## WORK ORDER
Scan the entries that follow for the word "constant", then report every line in which it appears.

## SUPPLIED RECORDS
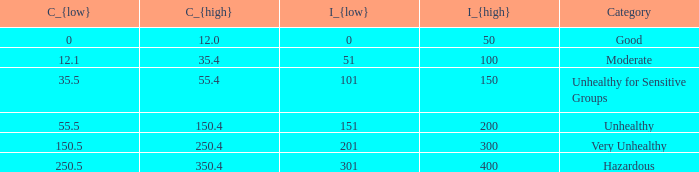5? 350.4. 
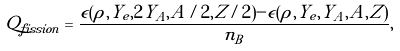<formula> <loc_0><loc_0><loc_500><loc_500>Q _ { f i s s i o n } = \frac { \epsilon ( \rho , Y _ { e } , 2 Y _ { A } , A / 2 , Z / 2 ) - \epsilon ( \rho , Y _ { e } , Y _ { A } , A , Z ) } { n _ { B } } ,</formula> 
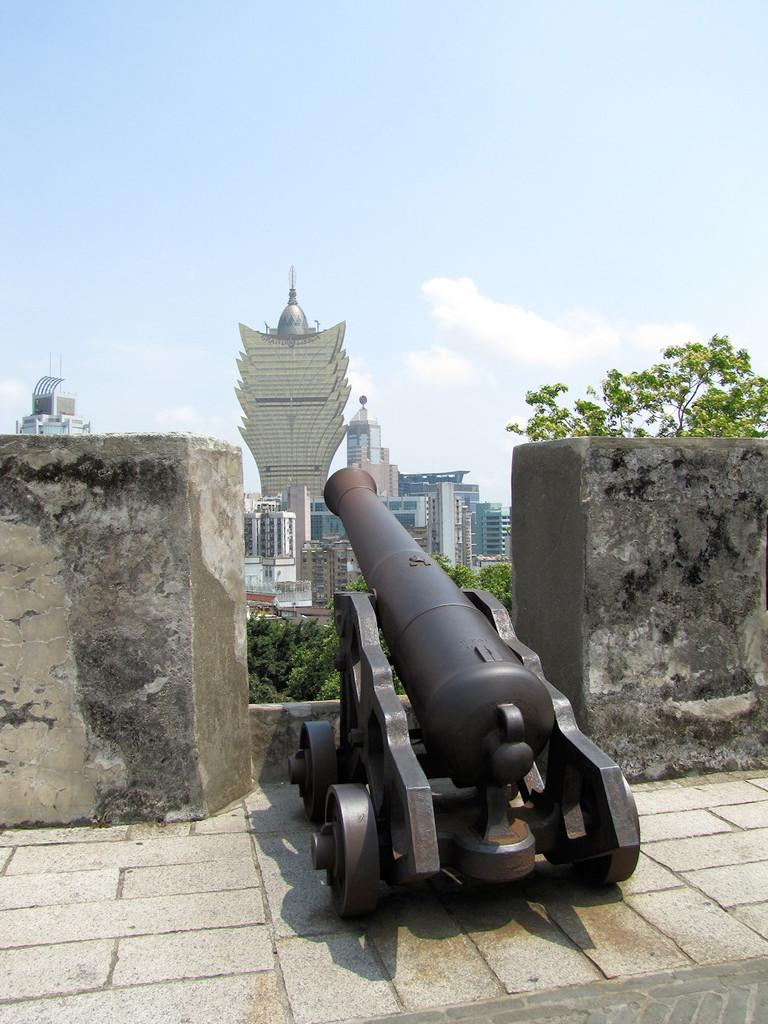What object is on the floor in the image? There is a cannon on the floor in the image. Where is the cannon located in relation to the walls? The cannon is between walls in the image. What type of natural elements can be seen in the image? Trees are visible in the image. What type of man-made structures are present in the image? There are buildings in the image. What is visible in the sky in the image? Clouds are present in the sky in the image. What type of quiver is hanging on the wall in the image? There is no quiver present in the image; it features a cannon on the floor between walls, trees, buildings, and clouds in the sky. 
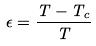<formula> <loc_0><loc_0><loc_500><loc_500>\epsilon = \frac { T - T _ { c } } { T }</formula> 
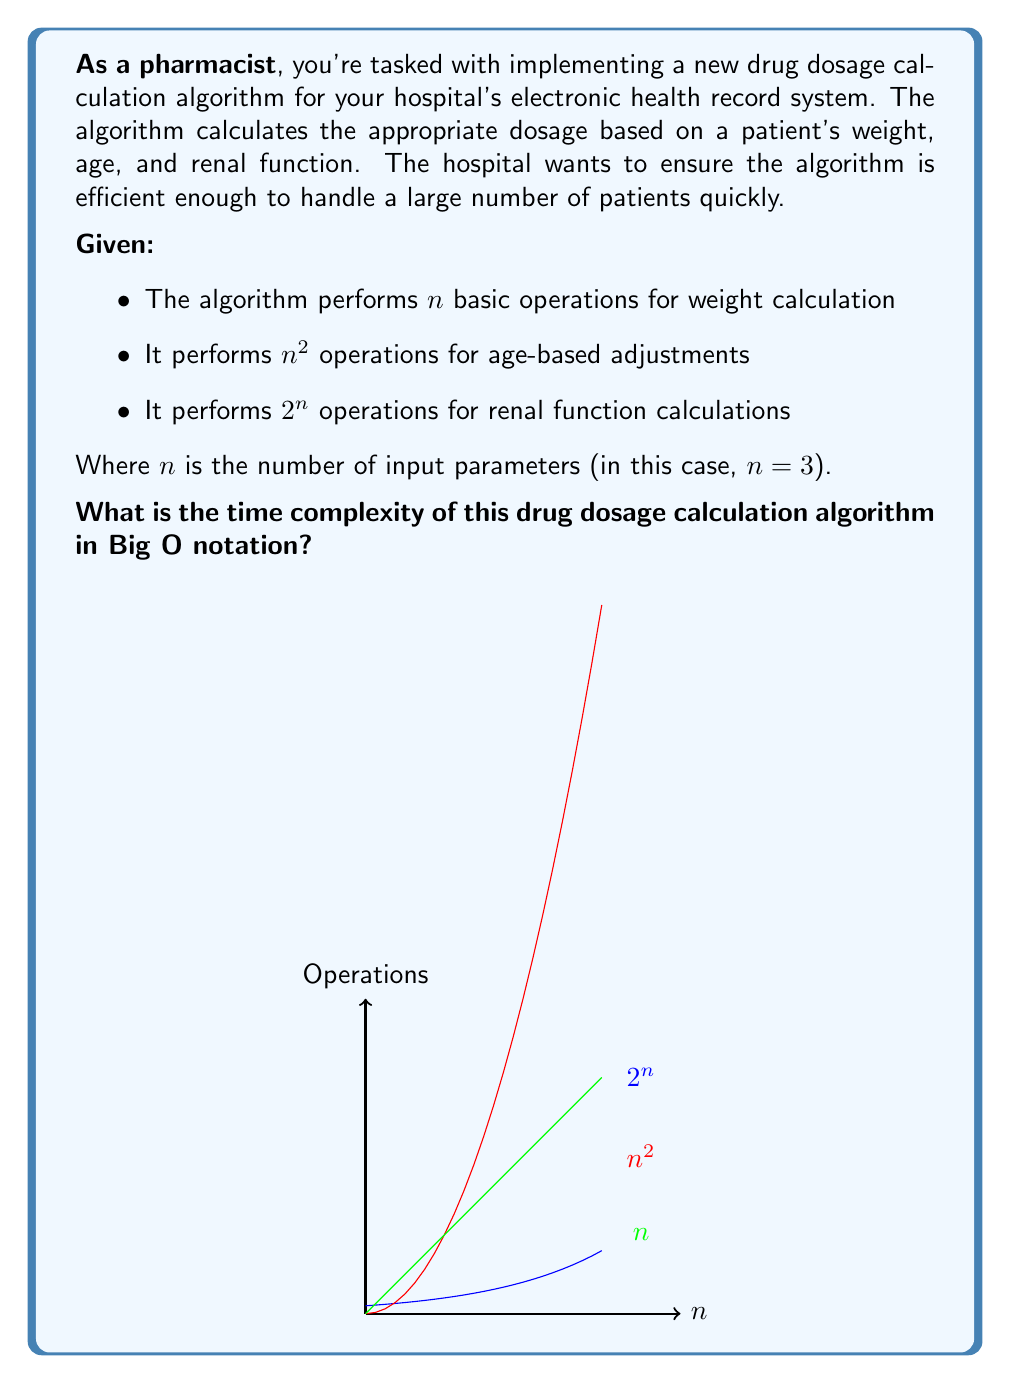Help me with this question. To determine the time complexity of the algorithm, we need to analyze the number of operations performed for each part of the calculation and identify the dominant term. Let's break it down step-by-step:

1) Weight calculation: $n$ operations
   With $n = 3$, this is $O(3) = O(1)$ (constant time)

2) Age-based adjustments: $n^2$ operations
   With $n = 3$, this is $O(3^2) = O(9) = O(1)$ (constant time)

3) Renal function calculations: $2^n$ operations
   With $n = 3$, this is $O(2^3) = O(8) = O(1)$ (constant time)

4) Total number of operations: $n + n^2 + 2^n$
   With $n = 3$, this is $3 + 3^2 + 2^3 = 3 + 9 + 8 = 20$

5) In general, for any algorithm, we consider the worst-case scenario and the term with the highest growth rate as $n$ increases.

6) Among $n$, $n^2$, and $2^n$, the term $2^n$ grows the fastest as $n$ increases.

7) Therefore, the time complexity of this algorithm is dominated by the $2^n$ term.

In Big O notation, we express this as $O(2^n)$, which represents exponential time complexity.
Answer: $O(2^n)$ 
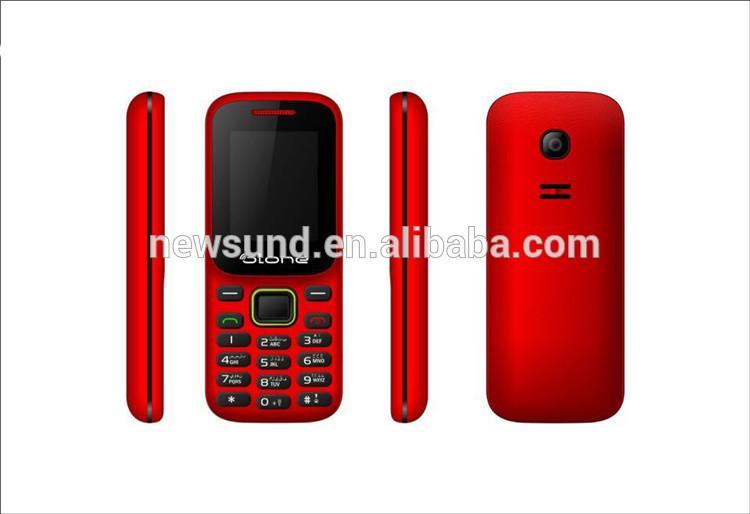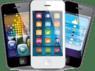The first image is the image on the left, the second image is the image on the right. Examine the images to the left and right. Is the description "In at least one image there are vertical phones." accurate? Answer yes or no. Yes. 
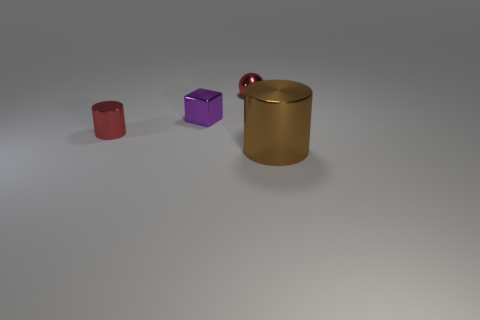Add 1 small cylinders. How many objects exist? 5 Subtract all balls. How many objects are left? 3 Subtract 0 gray spheres. How many objects are left? 4 Subtract all green rubber spheres. Subtract all purple blocks. How many objects are left? 3 Add 2 large brown objects. How many large brown objects are left? 3 Add 2 big purple matte cylinders. How many big purple matte cylinders exist? 2 
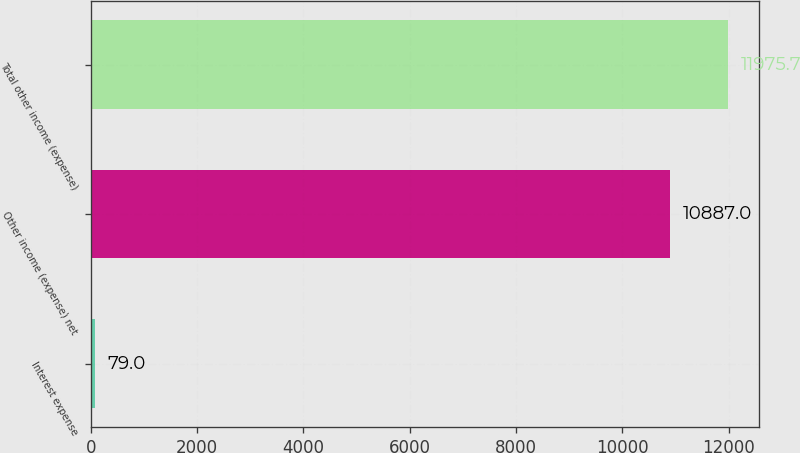Convert chart. <chart><loc_0><loc_0><loc_500><loc_500><bar_chart><fcel>Interest expense<fcel>Other income (expense) net<fcel>Total other income (expense)<nl><fcel>79<fcel>10887<fcel>11975.7<nl></chart> 
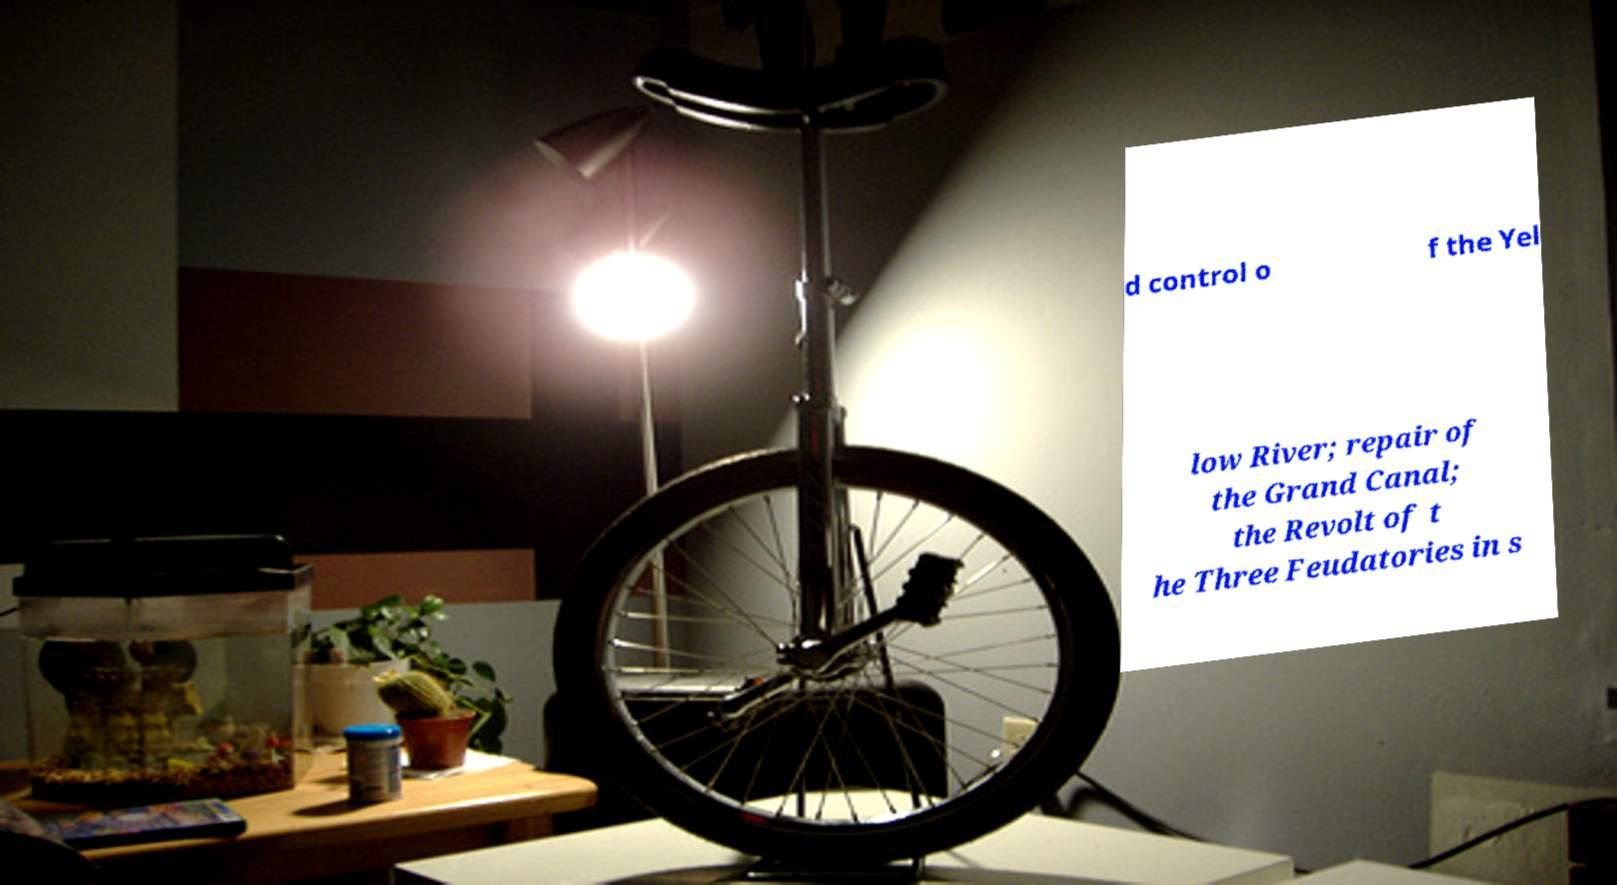Can you read and provide the text displayed in the image?This photo seems to have some interesting text. Can you extract and type it out for me? d control o f the Yel low River; repair of the Grand Canal; the Revolt of t he Three Feudatories in s 
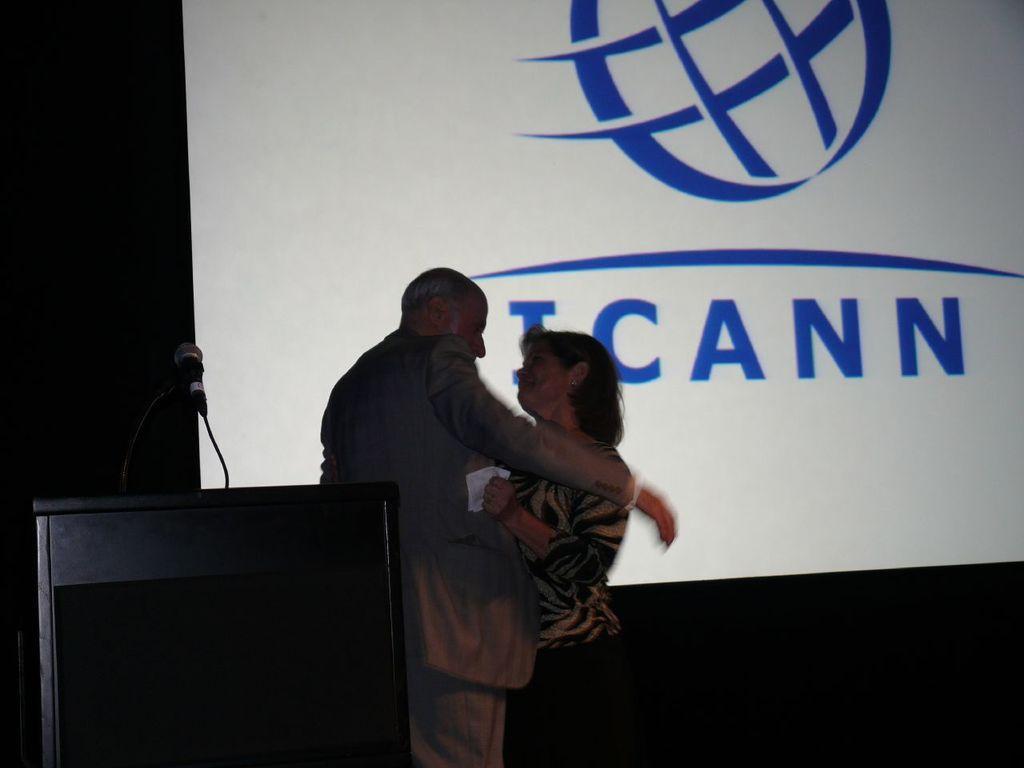Please provide a concise description of this image. In this image there is a man and a lady. Here there is a podium. On it there is a mic. In the background there is a screen. 
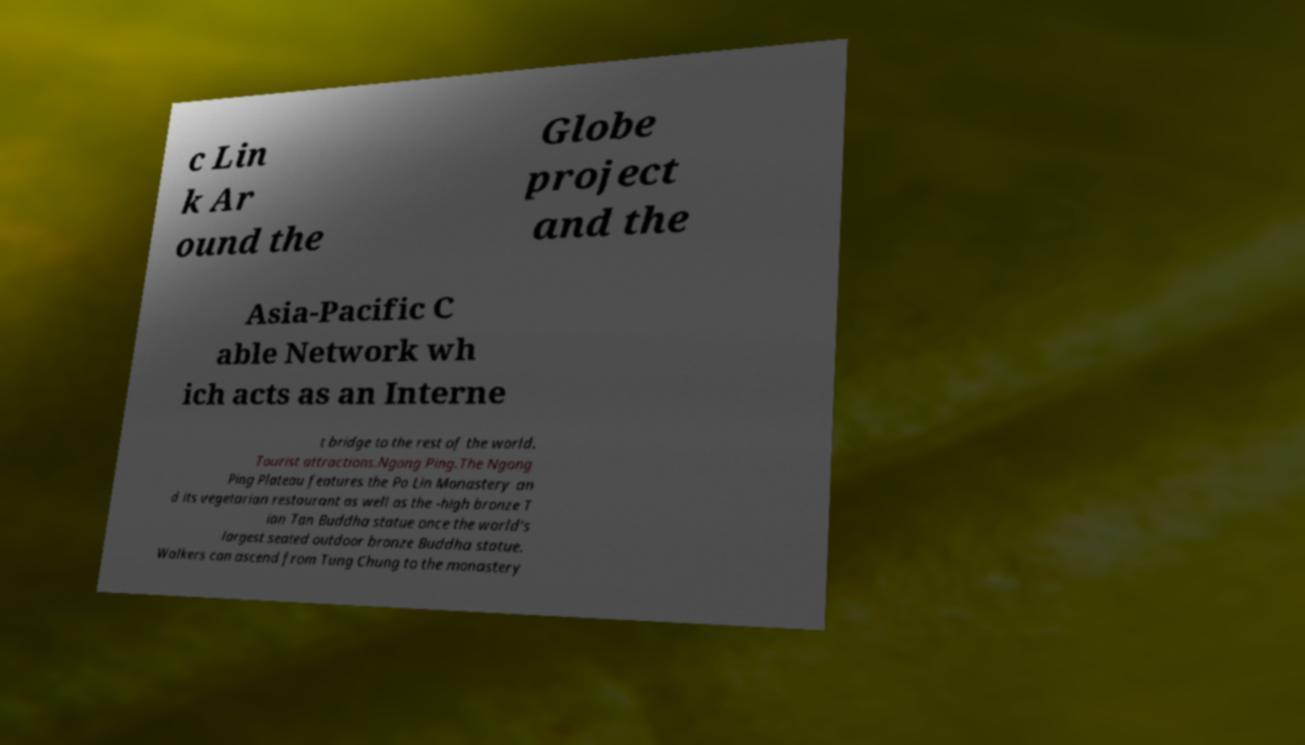Could you extract and type out the text from this image? c Lin k Ar ound the Globe project and the Asia-Pacific C able Network wh ich acts as an Interne t bridge to the rest of the world. Tourist attractions.Ngong Ping.The Ngong Ping Plateau features the Po Lin Monastery an d its vegetarian restaurant as well as the -high bronze T ian Tan Buddha statue once the world's largest seated outdoor bronze Buddha statue. Walkers can ascend from Tung Chung to the monastery

## REPLY
   With $n = 3$, this is $O(3) = O(1)$ (constant time)
   With $n = 3$, this is $O(3^2) = O(9) = O(1)$ (constant time)
   With $n = 3$, this is $O(2^3) = O(8) = O(1)$ (constant time)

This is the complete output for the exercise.